Note: cfpb-export-bucket service account does NOT work
docker run -it -v /Users/joshib/workdir/kedro-baseline/dockerfile-creds-master:/tmp/kedro local-kedro /bin/bash
kedro_docker@883bb32e517f:/$ cd /tmp/kedro
cp hmda-etl-pipeline_conf_base_credentials.yaml /hmda-etl-pipeline/conf/base/credentials.yaml
cp hmda-etl-pipeline_conf_dev_credentials.yaml /hmda-etl-pipeline/conf/dev/credentials.yaml
cp hmda-etl-pipeline_conf_dev_globals.yaml /hmda-etl-pipeline/conf/dev/globals.yaml
export SQLALCHEMY_SILENCE_UBER_WARNING="1"
export AWS_SECRET_ACCESS_KEY=" "
export AWS_ACCESS_KEY_ID=" "
export AWS_DEFAULT_REGION="us-east-1"
cd /hmda-etl-pipeline/
kedro run --tags="2023_Filing_Season" --env=dev --to-outputs="public_ts_flat_file_2023"

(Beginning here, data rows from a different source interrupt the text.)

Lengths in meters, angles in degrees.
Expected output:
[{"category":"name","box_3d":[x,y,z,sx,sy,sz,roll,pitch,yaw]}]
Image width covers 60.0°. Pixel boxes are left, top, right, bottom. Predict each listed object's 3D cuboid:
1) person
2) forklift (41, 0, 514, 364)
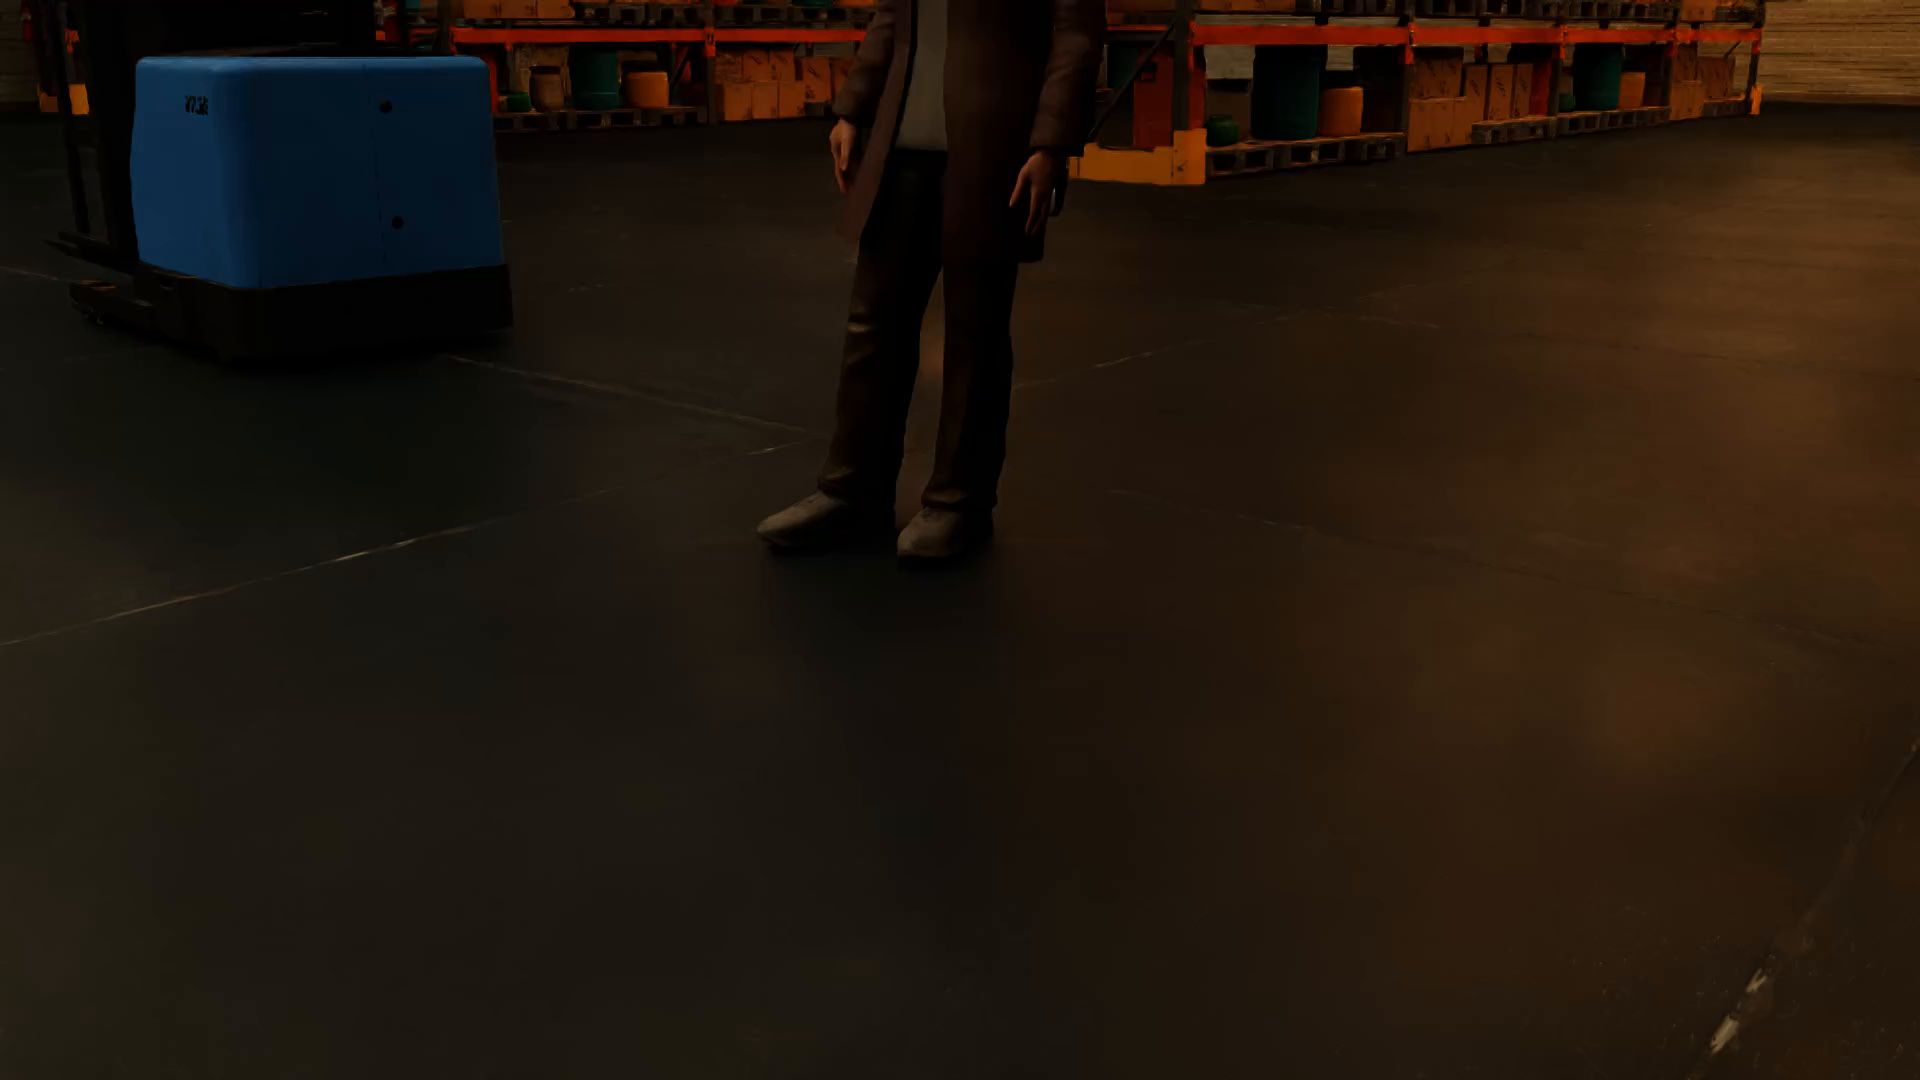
[{"category":"person","box_3d":[-0.065,-0.839,3.620,0.684,1.776,0.580,13,21,37]},{"category":"forklift","box_3d":[-3.103,-2.380,6.736,1.130,2.935,3.031,-15,23,-41]}]

- The kubernetes kedro job configs are used for generating data publisher datasets on a schedule.
- It is also recommended to use these job configs instead of local runs when generating the larger datasets like LAR, MLAR, and the aggregate and disclosure reports, as these can take a long time to complete and require more memory to run than the other datasets.